(Beginning of Records provided)

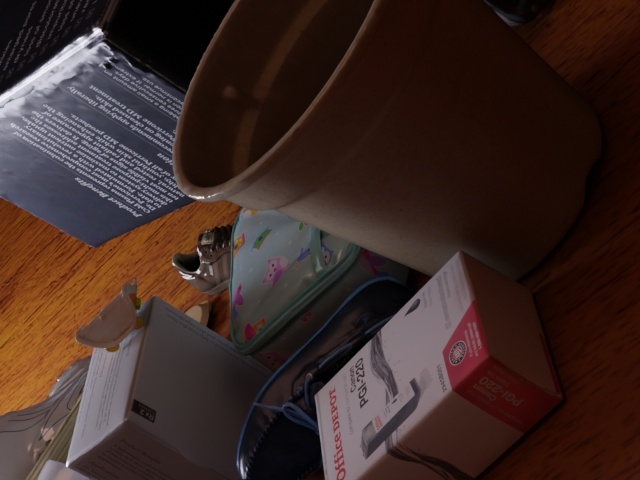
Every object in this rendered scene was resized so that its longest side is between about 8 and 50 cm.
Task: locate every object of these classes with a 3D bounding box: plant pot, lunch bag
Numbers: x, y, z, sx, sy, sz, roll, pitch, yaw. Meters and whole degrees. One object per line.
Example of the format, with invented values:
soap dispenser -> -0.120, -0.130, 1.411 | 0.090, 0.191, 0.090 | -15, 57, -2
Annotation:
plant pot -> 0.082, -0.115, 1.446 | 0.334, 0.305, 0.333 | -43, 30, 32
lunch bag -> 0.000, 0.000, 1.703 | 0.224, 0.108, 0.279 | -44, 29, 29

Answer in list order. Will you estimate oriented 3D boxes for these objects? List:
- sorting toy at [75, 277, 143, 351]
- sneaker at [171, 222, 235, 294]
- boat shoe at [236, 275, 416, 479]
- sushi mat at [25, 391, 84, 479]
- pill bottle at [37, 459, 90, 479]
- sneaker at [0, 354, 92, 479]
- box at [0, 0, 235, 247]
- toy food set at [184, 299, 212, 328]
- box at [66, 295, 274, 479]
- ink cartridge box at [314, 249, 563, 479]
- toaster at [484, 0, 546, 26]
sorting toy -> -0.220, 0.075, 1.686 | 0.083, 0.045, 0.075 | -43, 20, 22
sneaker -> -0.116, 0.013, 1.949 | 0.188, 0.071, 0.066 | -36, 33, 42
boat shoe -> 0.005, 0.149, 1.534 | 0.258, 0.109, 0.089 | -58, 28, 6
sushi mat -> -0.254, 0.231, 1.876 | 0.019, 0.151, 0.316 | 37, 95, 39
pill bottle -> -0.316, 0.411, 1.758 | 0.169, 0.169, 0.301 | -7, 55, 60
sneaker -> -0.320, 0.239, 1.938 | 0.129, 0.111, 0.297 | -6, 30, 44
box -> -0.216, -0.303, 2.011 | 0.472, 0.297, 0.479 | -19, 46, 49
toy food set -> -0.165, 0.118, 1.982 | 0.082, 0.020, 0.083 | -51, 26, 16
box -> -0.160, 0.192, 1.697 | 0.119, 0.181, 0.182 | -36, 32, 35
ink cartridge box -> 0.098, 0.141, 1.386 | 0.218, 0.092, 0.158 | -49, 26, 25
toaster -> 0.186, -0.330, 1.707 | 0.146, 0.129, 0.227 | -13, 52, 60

(End of Records provided)
(Beginning of Records provided)

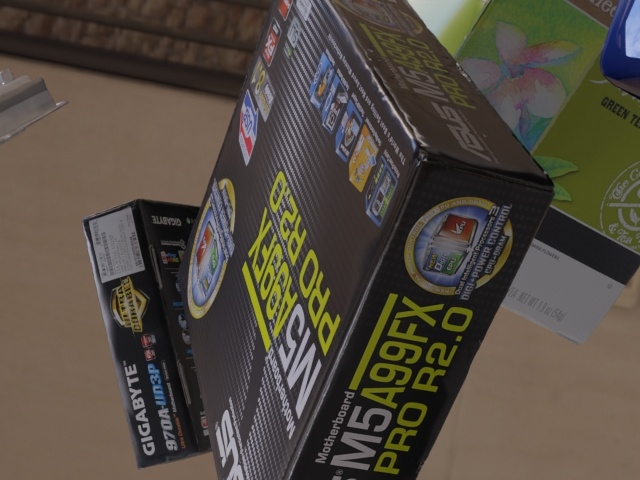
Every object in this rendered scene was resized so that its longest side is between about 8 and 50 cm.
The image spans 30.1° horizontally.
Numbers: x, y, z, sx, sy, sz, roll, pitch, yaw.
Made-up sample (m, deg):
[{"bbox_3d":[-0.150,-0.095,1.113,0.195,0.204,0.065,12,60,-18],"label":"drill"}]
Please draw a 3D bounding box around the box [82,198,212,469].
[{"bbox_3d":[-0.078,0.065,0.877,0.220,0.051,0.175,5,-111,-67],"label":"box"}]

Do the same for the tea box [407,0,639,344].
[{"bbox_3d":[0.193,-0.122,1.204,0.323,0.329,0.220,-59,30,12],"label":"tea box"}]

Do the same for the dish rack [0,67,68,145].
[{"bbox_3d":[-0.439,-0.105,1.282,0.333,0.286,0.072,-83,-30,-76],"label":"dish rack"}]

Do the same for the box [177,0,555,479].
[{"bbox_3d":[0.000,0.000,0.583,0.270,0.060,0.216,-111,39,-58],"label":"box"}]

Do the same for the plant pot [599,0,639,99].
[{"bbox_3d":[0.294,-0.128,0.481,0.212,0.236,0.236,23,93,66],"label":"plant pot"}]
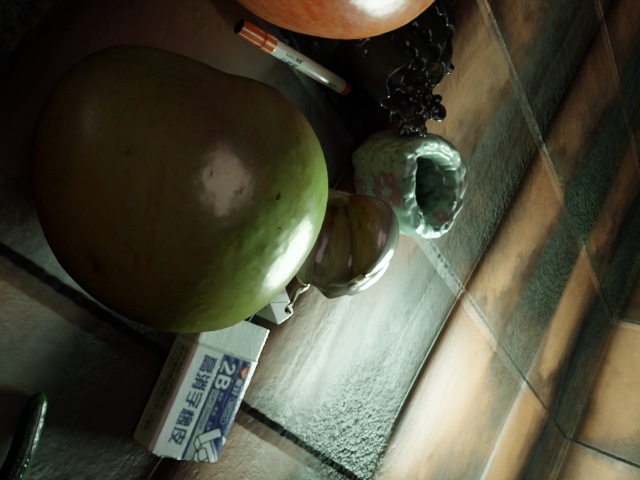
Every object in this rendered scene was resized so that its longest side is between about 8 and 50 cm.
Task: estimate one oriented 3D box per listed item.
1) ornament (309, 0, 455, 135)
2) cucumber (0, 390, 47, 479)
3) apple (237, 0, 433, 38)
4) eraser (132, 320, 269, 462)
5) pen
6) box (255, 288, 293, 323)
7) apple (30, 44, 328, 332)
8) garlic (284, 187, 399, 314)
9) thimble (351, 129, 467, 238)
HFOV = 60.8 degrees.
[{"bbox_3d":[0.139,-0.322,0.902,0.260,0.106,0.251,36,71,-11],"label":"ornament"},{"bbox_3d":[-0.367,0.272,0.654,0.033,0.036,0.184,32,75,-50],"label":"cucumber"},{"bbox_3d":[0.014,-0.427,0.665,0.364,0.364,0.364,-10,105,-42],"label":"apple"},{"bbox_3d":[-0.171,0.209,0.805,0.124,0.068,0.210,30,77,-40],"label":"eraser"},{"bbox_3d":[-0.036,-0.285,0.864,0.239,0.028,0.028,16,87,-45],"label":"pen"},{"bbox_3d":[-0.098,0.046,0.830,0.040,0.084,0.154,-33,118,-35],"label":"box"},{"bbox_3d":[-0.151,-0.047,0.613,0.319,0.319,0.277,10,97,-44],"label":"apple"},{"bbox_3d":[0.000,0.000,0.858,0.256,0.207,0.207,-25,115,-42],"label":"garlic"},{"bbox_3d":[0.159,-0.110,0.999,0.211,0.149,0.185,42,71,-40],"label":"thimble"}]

(End of Records provided)

Look through the entries above and find each line where the word "Task" occurs; copy those lines.

Your response:
Task: locate every object of these classes with a 3D bounding box: plant pot, lunch bag
Task: estimate one oriented 3D box per listed item.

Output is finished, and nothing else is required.